How vector databases can revolutionize our relationship with generative AI

Generative AI has received a lot of attention already this year in the tech world and beyond. Whether it’s ChatGPT’s prose or Stable Diffusion’s art, 2022 provided an insight into the potential for AI to disrupt creative industries.

But behind the headlines, 2022 brought an even more important development in AI: the rise of the vector database.

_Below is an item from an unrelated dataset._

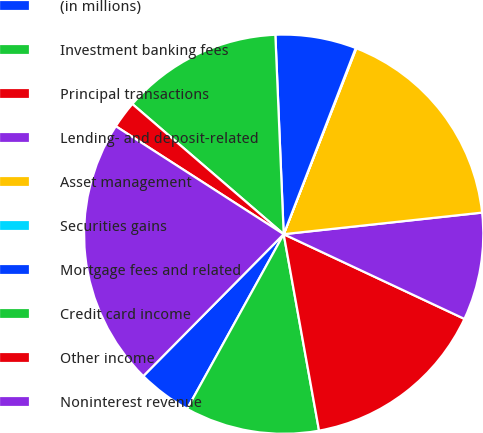Convert chart. <chart><loc_0><loc_0><loc_500><loc_500><pie_chart><fcel>(in millions)<fcel>Investment banking fees<fcel>Principal transactions<fcel>Lending- and deposit-related<fcel>Asset management<fcel>Securities gains<fcel>Mortgage fees and related<fcel>Credit card income<fcel>Other income<fcel>Noninterest revenue<nl><fcel>4.38%<fcel>10.87%<fcel>15.19%<fcel>8.7%<fcel>17.35%<fcel>0.05%<fcel>6.54%<fcel>13.03%<fcel>2.21%<fcel>21.68%<nl></chart> 
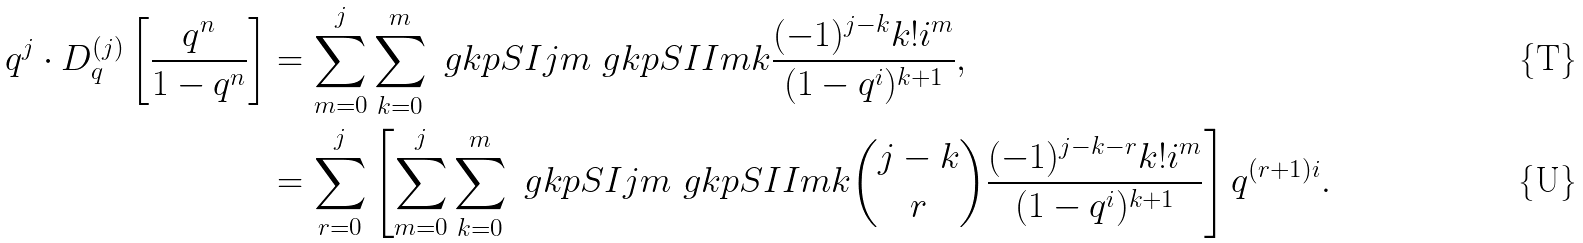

While their impacts are less immediately obvious, the adoption of vector databases could completely upend the way we interact with our devices, along with dramatically improving our productivity in a vast range of administrative and clerical tasks.

Ultimately, vector databases will be essential infrastructure in bringing about the societal and economic changes promised by AI.

But what is a vector database? To understand that, we have to make sense of the underlying problem it addresses: unstructured data.

The database dilemma

Databases are one of the software industry’s longest-lasting and most resilient verticals. The total spend on databases and database management solutions doubled from $38.6B in 2017 to $80B in 2021. And since 2020, databases have only further entrenched their position as one of the most rapidly growing software categories, owing to further digitization following mass shifts to remote working.

However, the modern database is still constrained by a problem that has persisted for decades: the problem of unstructured data. This is the up to 80% of data stored globally that has not been formatted, tagged or structured in a way that allows it to be rapidly searched or recalled. 

For a simple analogy of structured vs. unstructured data, think of a spreadsheet with multiple columns per row. In this case, a row of “structured data” has all the relevant columns filled in, whereas a row of “unstructured data” does not. In the case of the unstructured entry, it may be that the data has been automatically imported into the first column of the row; someone now needs to break up that cell and populate data into relevant columns.

Why is unstructured data a problem? In short, it makes it harder to sort, search, review and use information in a database. However, our understanding of unstructured data is relative to how data is usually structured.

Missing tags or misaligned formatting means that unstructured entries can be missed in searches or incorrectly excluded/included from filtering. This introduces risks of error to many database operations, which we have to address through manually structuring the data. This often requires us to manually review unstructured entries. This doesn’t mean that the data itself is necessarily unstructured; it just requires more manual intervention than our usual means of data storing. 

We often hear about the burden of manual review with claims such as data scientists spending 80% of their time on data preparation. But in practice, this is something we all do to some extent, or at least live with the effects of. If you’ve had to wrestle with a file explorer to find something on your hard drive or spend lots of time screening out irrelevant search engine results, you’ve likely been hit by the unstructured data problem.

This wasted time on manual formatting, reviewing and filtering is not a new or exclusively digital problem. For example, librarians manually arrange books according to the Dewey Decimal System. The unstructured data problem is just a digital version of a fundamental challenge with every record-keeping task humans have had since we invented writing: We need to classify information to store and use it. 

This is where vector databases prove particularly exciting. Rather than relying on distinct categories and lists to organize our records, vector databases instead place them on a map.

Vectors and mapping

Vector databases use a concept in machine learning and deep learning called vector embeddings. Vector embedding is a technique where words or phrases in a text are mapped to high-dimensional vectors, also known as word embeddings. These vectors are learned in such a way that semantically similar words are close together in the vector space.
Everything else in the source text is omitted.